# Advanced Classical Mechanics/Energy and Angular Momentum

Let's start with some basic definitions. First m is the inertial mass of a particle -- we will consider only particles with constant masses (although the physics of rockets provides an important counter-example). A particle for us is something that can be described completely by its position ${\displaystyle {\vec {r}}}$ and mass (it doesn't have any important internal degrees of freedom).

## Momentum and Force

We can define the velocity and momentum of the particle,

${\displaystyle {\vec {v}}={\frac {d{\vec {r}}}{dt}}}$ and ${\displaystyle {\vec {p}}=m{\vec {v}}}$.

Because the acceleration is the rate of change of velocity we have

${\displaystyle {\vec {F}}=m{\vec {a}}=m{\frac {d{\vec {v}}}{dt}}={\frac {d{\vec {p}}}{dt}},}$

so if the force vanishes, then the momentum is constant in time or conserved.

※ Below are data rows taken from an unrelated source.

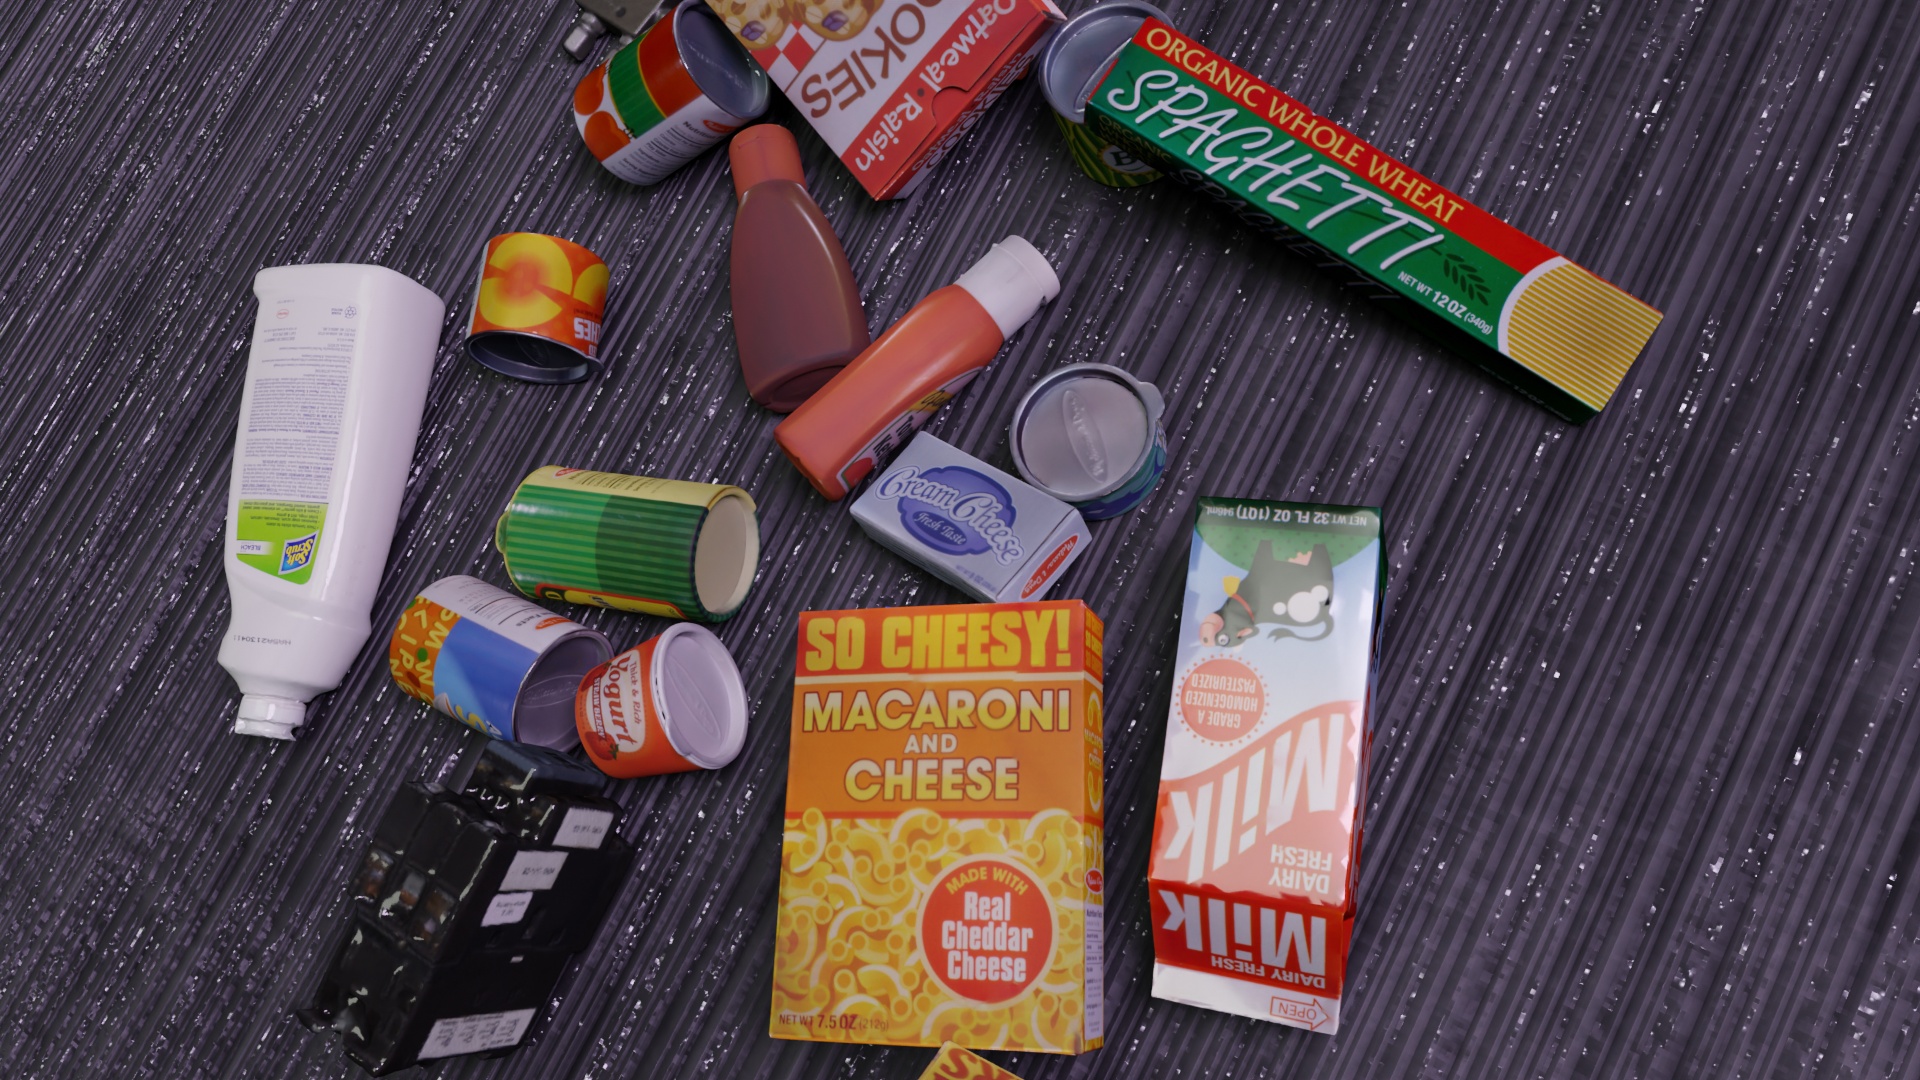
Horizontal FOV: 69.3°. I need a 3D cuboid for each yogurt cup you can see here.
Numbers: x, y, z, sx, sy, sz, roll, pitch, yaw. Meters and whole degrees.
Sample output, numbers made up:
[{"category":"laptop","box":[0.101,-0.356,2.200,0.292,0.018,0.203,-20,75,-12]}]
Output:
[{"category":"yogurt cup","box":[-0.138,0.077,0.637,0.054,0.072,0.072,-19,68,22]}]

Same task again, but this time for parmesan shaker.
[{"category":"parmesan shaker","box":[-0.157,0.002,0.663,0.103,0.071,0.071,7,76,21]}]

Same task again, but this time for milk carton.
[{"category":"milk carton","box":[0.120,0.085,0.538,0.072,0.073,0.191,5,75,21]}]

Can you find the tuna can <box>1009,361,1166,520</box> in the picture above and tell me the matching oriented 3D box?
[{"category":"tuna can","box":[0.060,-0.045,0.623,0.071,0.032,0.071,-6,71,18]}]

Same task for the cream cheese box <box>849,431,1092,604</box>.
[{"category":"cream cheese box","box":[0.002,-0.008,0.616,0.104,0.024,0.053,30,71,41]}]

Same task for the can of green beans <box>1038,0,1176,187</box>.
[{"category":"can of green beans","box":[0.076,-0.210,0.657,0.071,0.057,0.071,-6,71,18]}]

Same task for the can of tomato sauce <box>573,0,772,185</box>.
[{"category":"can of tomato sauce","box":[-0.152,-0.235,0.728,0.083,0.071,0.071,-20,66,34]}]

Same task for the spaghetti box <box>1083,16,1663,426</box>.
[{"category":"spaghetti box","box":[0.167,-0.136,0.583,0.250,0.028,0.050,34,86,9]}]

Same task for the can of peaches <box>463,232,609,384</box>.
[{"category":"can of peaches","box":[-0.219,-0.121,0.728,0.071,0.071,0.058,-2,72,19]}]

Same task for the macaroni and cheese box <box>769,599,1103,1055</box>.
[{"category":"macaroni and cheese box","box":[-0.007,0.111,0.549,0.124,0.040,0.167,-3,73,17]}]

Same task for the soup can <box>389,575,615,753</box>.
[{"category":"soup can","box":[-0.221,0.063,0.669,0.084,0.071,0.071,19,80,24]}]

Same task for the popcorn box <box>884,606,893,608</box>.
[{"category":"popcorn box","box":[-0.003,0.097,0.597,0.085,0.038,0.127,7,75,20]}]

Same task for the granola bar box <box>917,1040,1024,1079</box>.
[{"category":"granola bar box","box":[0.046,0.268,0.484,0.166,0.039,0.123,22,112,17]}]

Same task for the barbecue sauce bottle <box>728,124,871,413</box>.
[{"category":"barbecue sauce bottle","box":[-0.088,-0.141,0.700,0.065,0.043,0.149,-20,67,15]}]

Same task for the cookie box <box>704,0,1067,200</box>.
[{"category":"cookie box","box":[-0.048,-0.268,0.674,0.122,0.040,0.167,-42,84,28]}]

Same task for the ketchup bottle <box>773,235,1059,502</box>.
[{"category":"ketchup bottle","box":[-0.019,-0.082,0.649,0.149,0.064,0.043,-43,86,-7]}]
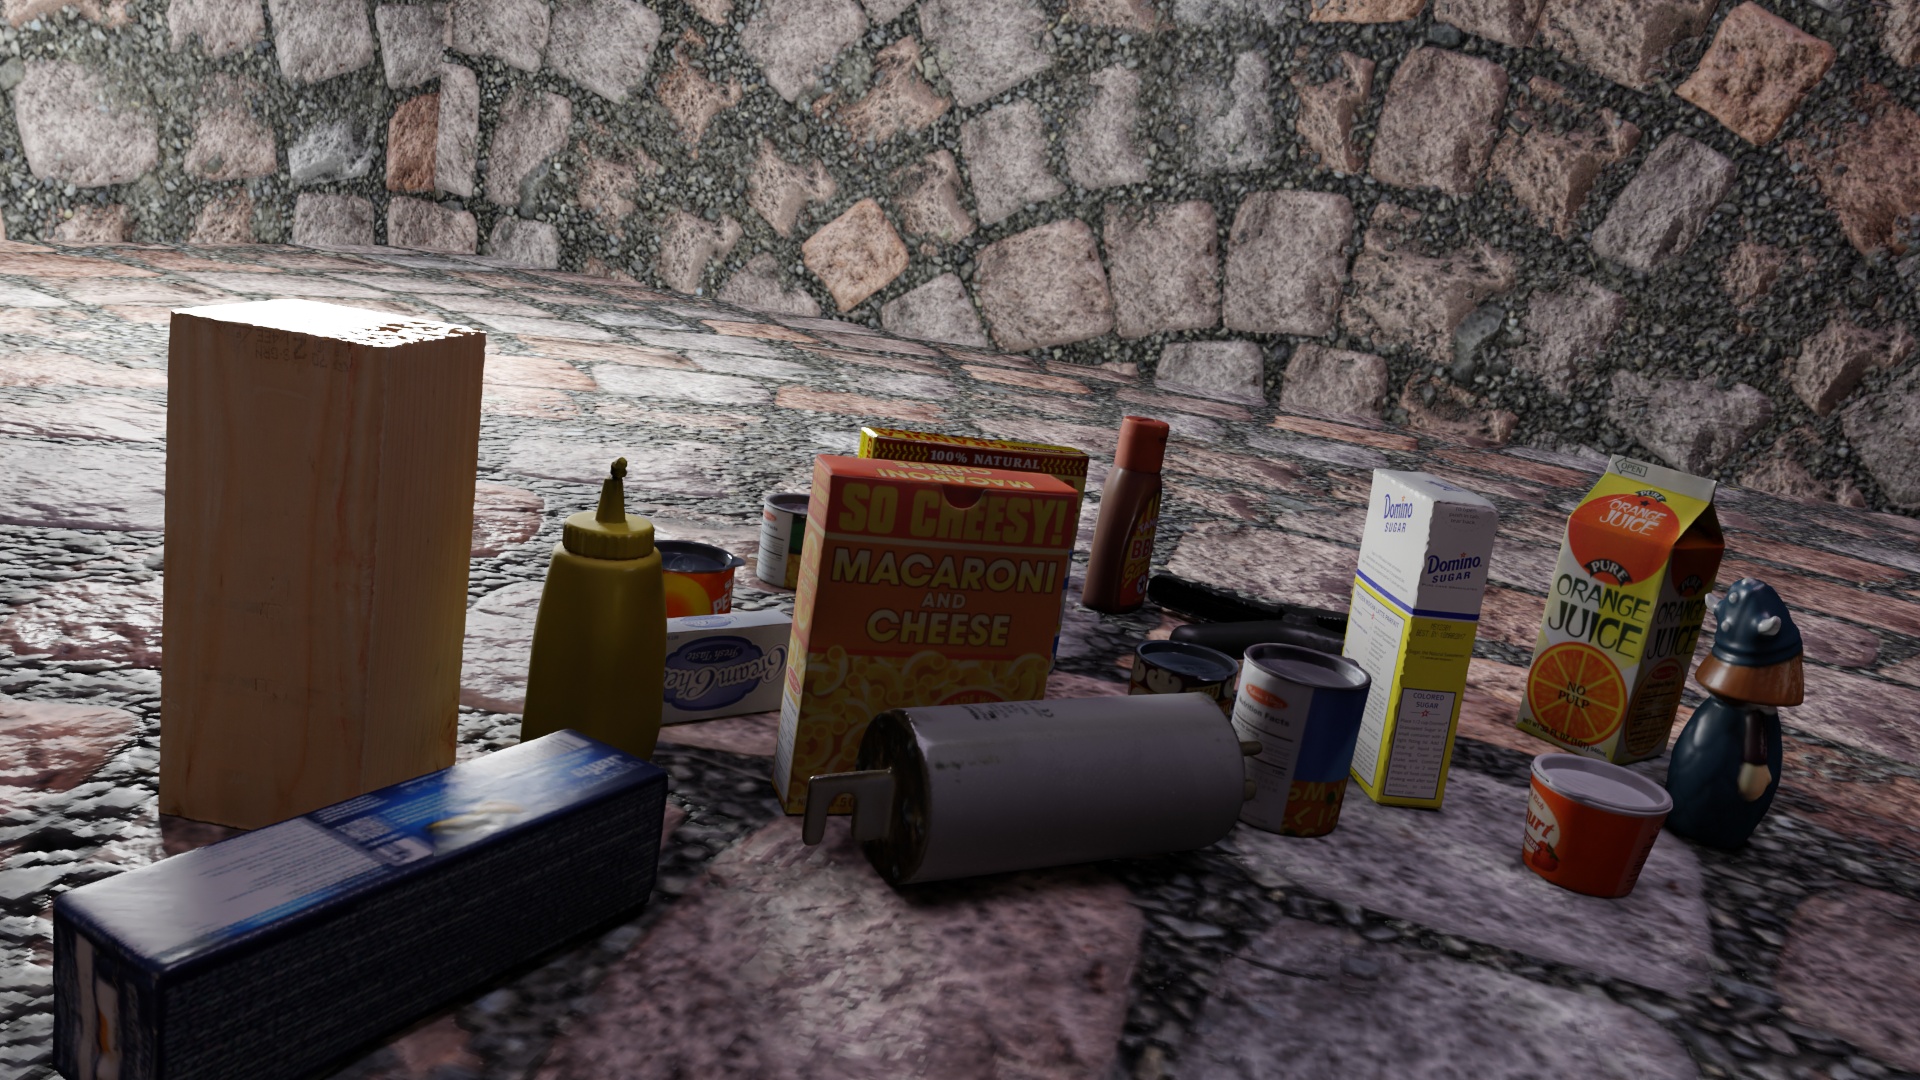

## Angular Momentum and Torque

Let's also define the angular momentum and the torque,

${\displaystyle {\vec {L}}={\vec {r}}\times {\vec {p}}}$ and ${\displaystyle {\vec {N}}={\vec {r}}\times {\vec {F}}={\vec {r}}\times {\frac {d{\vec {p}}}{dt}}.}$

Let's calculate the rate of change of the angular momentum

${\displaystyle {\frac {d}{dt}}{\vec {L}}={\frac {d{\vec {r}}}{dt}}\times {\vec {p}}+{\vec {r}}\times {\frac {d{\vec {p}}}{dt}}={\vec {N}}}$

so if the torque vanishes, the angular momentum is conserved. Specifically if the force is always directed along the position vector, ${\displaystyle {\vec {r}}}$, the torque vanishes and the angular momentum is conserved. This is called a central force.

## Work and Energy

We can define the work done on a particle while moving it from position #1 to position #2 to be

${\displaystyle W_{12}=\int _{1}^{2}{\vec {F}}\cdot d{\vec {s}}.}$

Again let's assume that the mass of the particle is constant so

${\displaystyle W_{12}=\int _{1}^{2}{\vec {F}}\cdot d{\vec {s}}=m\int _{1}^{2}{\frac {d{\vec {v}}}{dt}}\cdot {\vec {v}}dt={\frac {m}{2}}\int _{1}^{2}{\frac {d}{dt}}\left(v^{2}\right)dt={\frac {m}{2}}\left(v_{2}^{2}-v_{1}^{2}\right)=T_{2}-T_{1}}$

where we have defined the kinetic energy,

${\displaystyle T={\frac {1}{2}}mv^{2}}$.

If the integral ${\displaystyle W_{12}}$ depends only on the locations of the points 1 and 2 and not the path, then the force or system is conservative. In particular,

${\displaystyle \oint {\vec {F}}\cdot d{\vec {s}}=0}$ for such a system.

This means that the force is the gradient of some other function

${\displaystyle {\vec {F}}=-{\vec {\nabla }}V(r)}$

call the potential energy ${\displaystyle V}$. In this case we find that

${\displaystyle W_{12}=V_{1}-V_{2}=T_{2}-T_{1}}$

so

${\displaystyle T_{1}+V_{1}=T_{2}+V_{2}}$

This is called the conservation of mechanical energy.